Source: http://www.time.com/time/magazine/article/0,9171,730850-1,00.html
This appears to be a one-off example of a literal black box, i.e., a box that is black. I’m sure you can find references to literal black boxes much further back than 1927.
This is interesting in that it refers to evidence within the black box, but without other citations of “black boxes” containing legal evidence, it would appear that this is a one-off usage and unrelated to the aviation/electronics senses.
well there are more articles where the “litle black boxes” are referred to as the containers of unknown evidence.
http://www.time.com/time/magazine/article/0,9171,736790,00.html
“"Last week Mr. Stephenson took the Indianapolis Times into his confidence and sent to the Times many of the documents contained in the “little black box” where he had foresightedly deposited written evidence of his transactions."”

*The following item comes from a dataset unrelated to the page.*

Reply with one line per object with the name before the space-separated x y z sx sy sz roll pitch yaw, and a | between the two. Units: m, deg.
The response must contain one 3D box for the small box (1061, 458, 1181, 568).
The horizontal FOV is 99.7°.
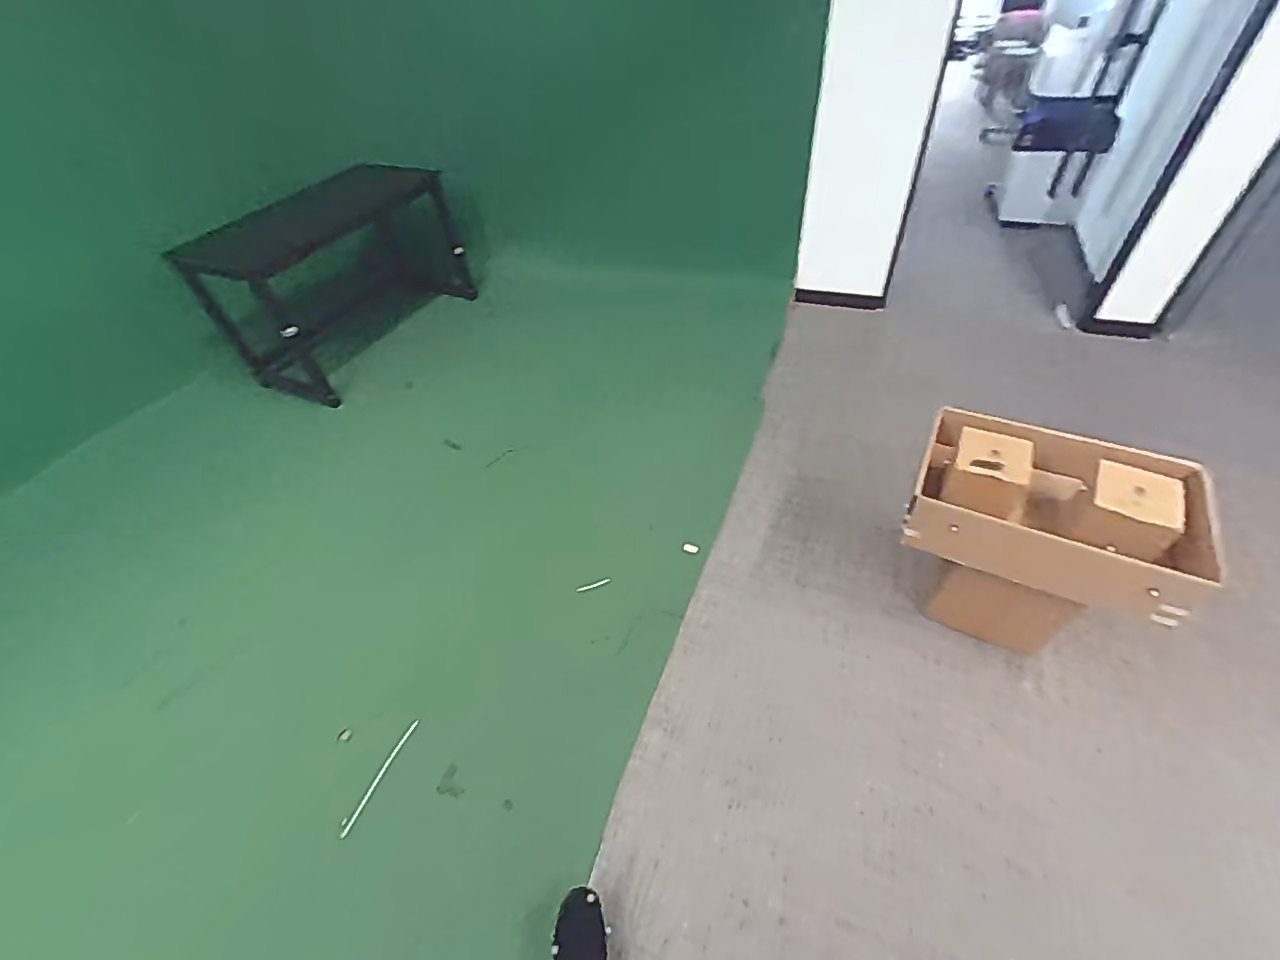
small box | 1.173 0.081 1.327 0.168 0.176 0.179 22 54 25

http://www.time.com/time/magazine/article/0,9171,730736-2,00.html
Most important, most mysterious of his revelations concerned a certain “little black box” which was supposed to contain documents supporting his exposures.
Just throwing it out there, might be worthed taking a look.
These are not only from the same source (Time), but also are about the same incident. It appears that the “little black box” is a literal box that is small and colored black. It’s important to distinguish between collocations of the words intended in a literal sense and use of the phrase “black box” as a metaphorical object.
And since the modern, metaphorical use of “black box” is not box containing information, but rather a device of mysterious operation, this would not appear to be the origin of the phrase.
You are probably right, I gave it a shot.
At least I learned something.
Thanks for the time.
Teasing out simple collocations of words from a lexical phrase can be one of the more vexing problems. It’s good to know about this 1927 use though. Who knows what might turn up in further research?